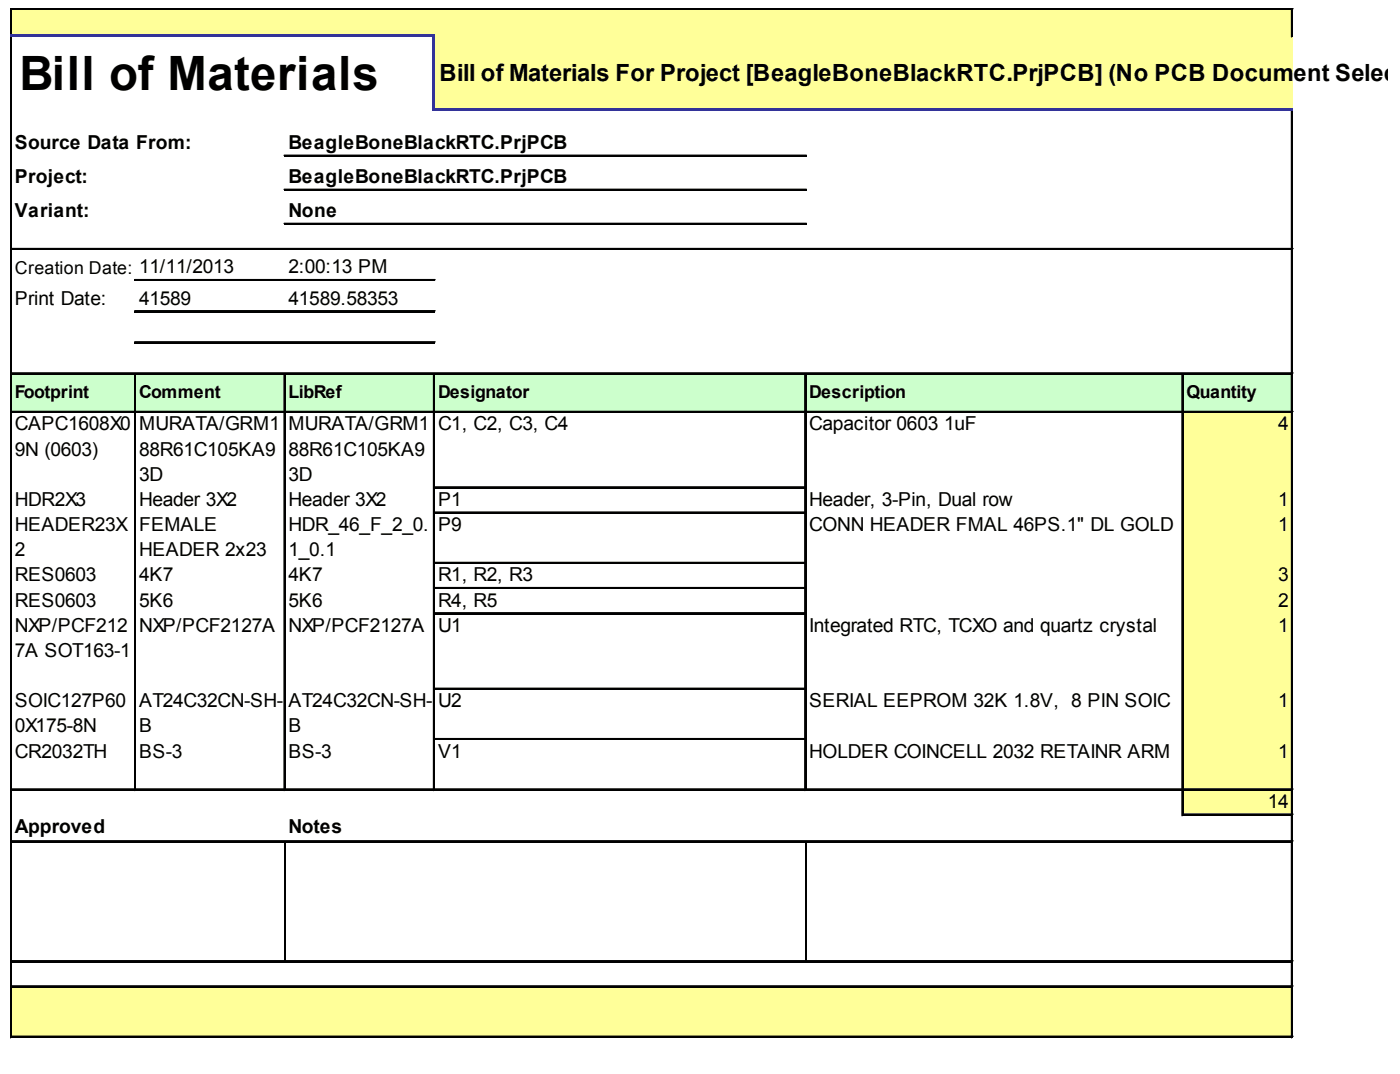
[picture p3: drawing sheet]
<svg xmlns="http://www.w3.org/2000/svg" width="265mm" height="203mm" viewBox="0 0 265 203" stroke-linecap="round" stroke-linejoin="round" font-family="sans-serif">
<defs><g id="words">
<text font-size="9" x="3.7" y="17">Bill of Materials</text>
<g font-size="4.5">
<text x="83.2" y="15.2">Bill of Materials For Project [BeagleBoneBlackRTC.PrjPCB] (No PCB Docum</text>
<text x="244.8" y="15.2">ent Selecte</text>
</g>
<g font-size="3.6">
<text x="2.8" y="28.2">Source Data From:</text>
<text x="54.6" y="28.2">BeagleBoneBlackRTC.PrjPCB</text>
<text x="2.8" y="34.6">Project:</text>
<text x="54.6" y="34.6">BeagleBoneBlackRTC.PrjPCB</text>
<text x="2.8" y="41.1">Variant:</text>
<text x="54.6" y="41.1">None</text>
<text x="54.6" y="51.7">2:00:13 PM</text>
<text x="2.8" y="57.6">Print Date:</text>
<text x="26.3" y="57.6">41589</text>
<text x="54.6" y="57.6">41589.58353</text>
<text x="2.8" y="81.4">CAPC1608X0</text>
<text x="26.3" y="81.4">MURATA/GRM1</text>
<text x="54.6" y="81.4">MURATA/GRM1</text>
<text x="82.9" y="81.4">C1, C2, C3, C4</text>
<text x="153.2" y="81.4">Capacitor 0603</text>
<text x="178.6" y="81.4">1uF</text>
<text x="241.9" y="81.4">4</text>
<text x="2.8" y="86.2">9N (0603)</text>
<text x="26.3" y="86.2">88R61C105KA9</text>
<text x="54.6" y="86.2">88R61C105KA9</text>
<text x="2.8" y="95.7">HDR2X3</text>
<text x="26.3" y="90.9">3D</text>
<text x="26.3" y="95.7">Header 3X2</text>
<text x="54.6" y="90.9">3D</text>
<text x="54.6" y="95.7">Header 3X2</text>
<text x="82.9" y="95.7">P1</text>
<text x="153.2" y="95.7">Header, 3-Pin, Dual row</text>
<text x="241.9" y="95.7">1</text>
<text x="2.8" y="100.5">HEADER23X</text>
<text x="26.3" y="100.5">FEMALE</text>
<text x="54.6" y="100.5">HDR_46_F_2_0.</text>
<text x="82.9" y="100.5">P9</text>
<text x="153.2" y="100.5">CONN HEADER FMAL 46PS.1&quot; DL GOLD</text>
<text x="241.9" y="100.5">1</text>
<text x="2.8" y="105.2">2</text>
<text x="26.3" y="105.2">HEADER 2x23</text>
<text x="54.6" y="105.2">1_0.1</text>
<text x="2.8" y="110">RES0603</text>
<text x="26.3" y="110">4K7</text>
<text x="54.6" y="110">4K7</text>
<text x="82.9" y="110">R1, R2, R3</text>
<text x="241.9" y="110">3</text>
<text x="2.8" y="114.8">RES0603</text>
<text x="2.8" y="119.5">NXP/PCF212</text>
<text x="26.3" y="114.8">5K6</text>
<text x="26.3" y="119.5">NXP/PCF2127A</text>
<text x="54.6" y="114.8">5K6</text>
<text x="54.6" y="119.5">NXP/PCF2127A</text>
<text x="82.9" y="114.8">R4, R5</text>
<text x="82.9" y="119.5">U1</text>
<text x="153.2" y="119.5">Integrated RTC, TCXO and quartz crystal</text>
<text x="241.9" y="114.8">2</text>
<text x="241.9" y="119.5">1</text>
<text x="2.8" y="124.3">7A SOT163-1</text>
<text x="2.8" y="133.8">SOIC127P60</text>
<text x="26.3" y="133.8">AT24C32CN-SH-</text>
<text x="54.6" y="133.8">AT24C32CN-SH-</text>
<text x="82.9" y="133.8">U2</text>
<text x="153.2" y="133.8">SERIAL EEPROM 32K 1.8V, 8 PIN SOIC</text>
<text x="241.9" y="133.8">1</text>
<text x="2.8" y="138.6">0X175-8N</text>
<text x="2.8" y="143.3">CR2032TH</text>
<text x="26.3" y="138.6">B</text>
<text x="26.3" y="143.3">BS-3</text>
<text x="54.6" y="138.6">B</text>
<text x="54.6" y="143.3">BS-3</text>
<text x="82.9" y="143.3">V1</text>
<text x="153.2" y="143.3">HOLDER COINCELL 2032 RETAINR ARM</text>
<text x="241.9" y="143.3">1</text>
<text x="239.9" y="152.9">14</text>
<text x="2.8" y="157.6">Approved</text>
<text x="54.6" y="157.6">Notes</text>
</g>
<g font-size="3.4">
<text x="2.8" y="51.8">Creation Date: 11/11/2013</text>
<text x="2.8" y="75.3">Footprint</text>
<text x="26.3" y="75.3">Comment</text>
<text x="54.6" y="75.3">LibRef</text>
<text x="82.9" y="75.3">Designator</text>
<text x="153.2" y="75.3">Description</text>
<text x="224.5" y="75.3">Quantity</text>
</g>
</g></defs>
<g fill="#ff9">
<path d="M2.2 1.9h242.5v5.1h-242.5z"/>
<path d="M82 6.7h162.7v14.3h-162.7z"/>
</g>
<path d="M2.2 70.6h242.5v7.5h-242.5z" fill="#cfc"/>
<g fill="#ff9">
<path d="M223.7 77.8h21v14.6h-21z"/>
<path d="M223.7 92.1h21v5.1h-21z"/>
<path d="M223.7 96.9h21v9.8h-21z"/>
<path d="M223.7 106.4h21v5.1h-21z"/>
<path d="M223.7 111.2h21v5h-21z"/>
<path d="M223.7 115.9h21v14.6h-21z"/>
<path d="M223.7 130.2h21v9.8h-21z"/>
<path d="M223.7 139.8h21v9.8h-21z"/>
<path d="M223.7 149.3h21v5h-21z"/>
<path d="M2.2 186.5h242.5v9.8h-242.5z"/>
</g>
<path d="M2 1.7v4.7M2.1 1.7v4.7M244.4 1.9v5.1M244.5 1.9v5.1" fill="none" stroke="#000" stroke-width=".28"/>
<path d="M81.8 7h.5v14h-.5z" fill="#339"/>
<g fill="none" stroke="#000" stroke-width=".28">
<path d="M2 7v189.3M2.1 7v189.3M2.3 1.7h242.4M2.3 1.8h242.4M244.4 21v175.3M244.5 21v175.3M25.5 70.8v78.8M25.6 70.8v78.8M53.8 70.8v78.8M53.9 70.8v78.8M82 70.8v78.8M82.2 70.8v78.8"/>
<path d="M152.3 70.8v78.8M152.5 70.8v78.8M223.7 70.8v83.5M223.8 70.8v83.5M53.9 159.4v22.4M152.5 159.4v22.4"/>
</g>
<g fill="#339">
<path d="M2 6.4h80.3v.6h-80.3z"/>
<path d="M82.3 20.4h162.4v.6h-162.4z"/>
</g>
<g fill="none" stroke="#000" stroke-width=".28">
<path d="M53.8 29.4h98.8M53.8 29.5h98.8M53.8 35.8h98.8M53.8 36h98.8M2.3 47h242.4M2.3 47.2h242.4M25.5 52.9h56.8M25.5 53.1h56.8M25.5 58.8h56.8M25.5 58.9h56.8M53.8 42.3h98.8M53.8 42.4h98.8"/>
<path d="M2.3 70.6h242.4M2.3 70.7h242.4M2.3 77.8h242.4M2.3 78h242.4M25.5 64.7h56.8M25.5 64.8h56.8M82.3 92.1h70M82.3 92.3h70M82.3 96.9h70M82.3 97h70M82.3 106.4h70M82.3 106.6h70"/>
<path d="M82.3 111.2h70M82.3 111.3h70M82.3 115.9h70M82.3 116.1h70M82.3 130.2h70M82.3 130.4h70M82.3 139.8h70M82.3 139.9h70M2.3 149.3h242.4M2.3 149.4h242.4M2.3 159.1h242.4M2.3 159.2h242.4"/>
<path d="M224 154h20.7M224 154.2h20.7M2.3 181.8h242.4M2.3 181.9h242.4M2.3 186.5h242.4M2.3 186.7h242.4M2.3 196.1h242.4M2.3 196.2h242.4"/>
</g>
<use href="#words"/>
</svg>

-=-=-=-=-

▶ _GOAL OF THE EXERCISE_: From the entries above, extract each line containing "font".

▶ _ANSWER SECTION_:
<svg xmlns="http://www.w3.org/2000/svg" width="265mm" height="203mm" viewBox="0 0 265 203" stroke-linecap="round" stroke-linejoin="round" font-family="sans-serif">
<text font-size="9" x="3.7" y="17">Bill of Materials</text>
<g font-size="4.5">
<g font-size="3.6">
<g font-size="3.4">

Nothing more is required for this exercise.